Est-ce trahir la littérature que de la défendre sur un plan pratique, sanitaire et mercantile ? Ainsi s’interroge Antoine Compagnon dans un nouvel essai aux allures de plaidoyer.
« Il faut défendre la société littéraire », titrait Yves Citton (en pastichant Michel Foucault) dans un essai publié en 2008. Il faut la défendre ainsi que son objet, la littérature, qui semble être en délicatesse avec notre société contemporaine gagnée aux plaisirs technologiques : « L’écran, par lequel transite désormais presque toute notre vie publique et privée, efface la distinction entre les contenus : l’information, la distraction et la culture ; entre la communication, le divertissement et l’art. La musique et le texte ne peuvent plus eux non plus se passer des images. »
Cette déperdition de la lecture du matériau littéraire sur support papier est une des raisons d’être du dernier livre en date d’Antoine Compagnon – La Littérature, ça paye ! – qui vient tout juste de paraître : un court ouvrage qui s’interroge, entre autres, sur la valeur de la littérature et sur son cheminement de l’otium au negotium.
Faut-il mettre l’accent sur la productivité et réclamer des comptes aux écrivains, aux lecteurs, aux éditeurs et plus largement à tous les acteurs d’un écosystème qui engendre un chiffre d’affaires conséquent ? Faut-il mettre en avant l’utilité manifeste ou latente de la littérature pour gagner de nouveaux lecteurs ? Antoine Compagnon cisèle une belle formule à cet effet : elle sert « à traverser la rue », ainsi qu’à parfaire ses « compétences psychosociales » ou à « optimiser nos capacités cognitives » attendu que « la littérature est un espace de pensée », thèse dont Frank Salaün se fait l’apôtre dans Besoin de fiction. Sur l’expérience littéraire de la pensée et le concept de fiction pensante . Ce sont autant de questions à l’étude qui ont leur pertinence « dans une culture de l’évaluation permanente et de la mesure incessante de l’impact ».
Parmi les compétences que la littérature permet d’acquérir, il y a ce qu’Antoine Compagnon nomme la « lettrure », la traduction qu’il propose pour literary literacy, capital culturel que l’on obtient parfois en héritage mais plus communément au prix d’un effort. La littérature permet aussi d’exercer sa mémoire spatiale, du reste pour ce qui est du livre papier : « Je me souviens de la localisation d’un passage dans le volume, en bas à gauche d’un verso entre les deux tiers et les quatre cinquièmes de l’épaisseur ; je le retrouve grâce à cette mémoire spatiale, ce sens de l’orientation dans les livres qui n’est peut-être pas inné, mais que ma génération a entraîné depuis son plus jeune âge (un peu comme les chauffeurs de taxis londoniens dont l’hippocampe cérébral était plus développé que la moyenne avant le GPS). »
La lecture audio, oxymore s’il en est, gagne du terrain dans une société à la hâte bâcleuse rongée par le gain de temps et les espoirs chimériques du multitâche qui, en définitive, s’avère incompatible avec le goût du travail bien fait.

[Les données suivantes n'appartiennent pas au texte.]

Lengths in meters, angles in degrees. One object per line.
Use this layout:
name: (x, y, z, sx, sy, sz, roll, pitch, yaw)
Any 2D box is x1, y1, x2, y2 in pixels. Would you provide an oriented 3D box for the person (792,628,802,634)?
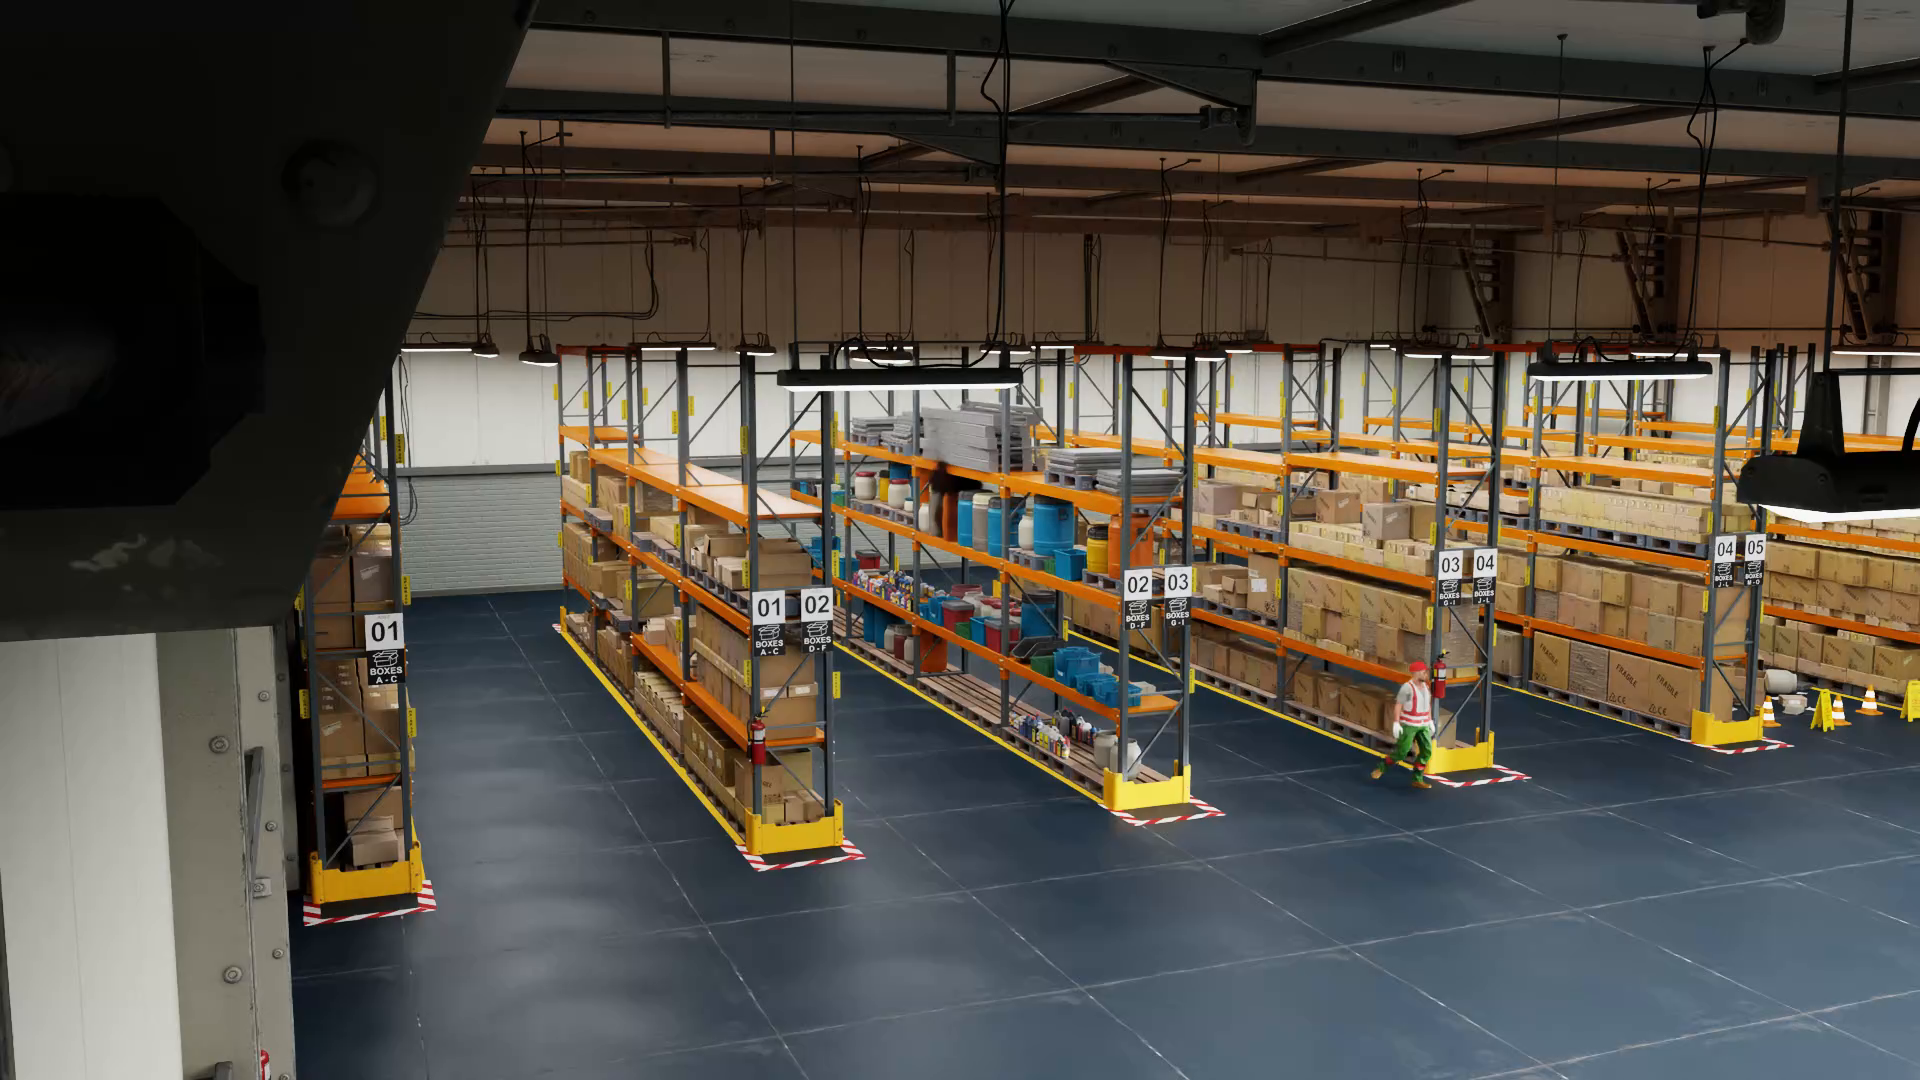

Pour l’auteur du quai de Conti, cette pratique sonnera le glas de l’imprimé, en se substituant progressivement, avec la « lecture partagée », à la lecture individuelle qui nécessite retranchement et lenteur : « Or, notre monde est de plus en plus réticent à l’attente, à la durée, au retard, qui est le temps naturel de la langue et de la littérature. Nous appuyons sur la touche “Entrée” du clavier, l’ancienne touche “Retour de chariot” des machines à écrire électriques qui s’était substituée au levier des machines mécaniques, et nous attendons la réponse instantanée du moteur de recherche ou de l’intelligence artificielle générative. »
Aussi paradoxal que cela puisse être, malgré toutes les menaces qui pèsent sur l’avenir de la littérature, cette dernière ne cesse d’essaimer et de féconder les autres disciplines ainsi que leurs pontes. Ce qui n’est pas rien.

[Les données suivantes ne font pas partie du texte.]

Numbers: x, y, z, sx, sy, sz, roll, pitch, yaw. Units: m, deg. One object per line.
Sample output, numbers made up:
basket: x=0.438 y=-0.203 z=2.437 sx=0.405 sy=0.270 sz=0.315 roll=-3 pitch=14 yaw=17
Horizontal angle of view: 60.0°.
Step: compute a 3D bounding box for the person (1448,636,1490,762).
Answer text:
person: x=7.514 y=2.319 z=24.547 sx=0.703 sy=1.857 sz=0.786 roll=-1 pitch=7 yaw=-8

À l’instar de Pierre-Louis Patoine, d’Yves Citton, de Jean-Marie Schaeffer ou de Françoise Lavocat, Antoine Compagnon se tourne vers les neurosciences pour étayer son discours. Ayant consacré un chapitre entier aux bénéfices de la fiction dans La Séduction de la fiction et dans d’autres travaux, notamment sur le cerveau social, peu d’information dans ce livre ne pique la curiosité du chercheur que je suis. Mais le néophyte y trouvera matière à nourrir son appétence pour ce type de savoir. Refusant de rester les brats ballants devant cette catastrophe annoncée, Antoine Compagnon brûle de nous convaincre qu’il faut lire des livres imprimés de qualité, car nous nous en trouverons bien ! Car la littérature, comme l’effort qu’on y consacre, finit toujours par payer.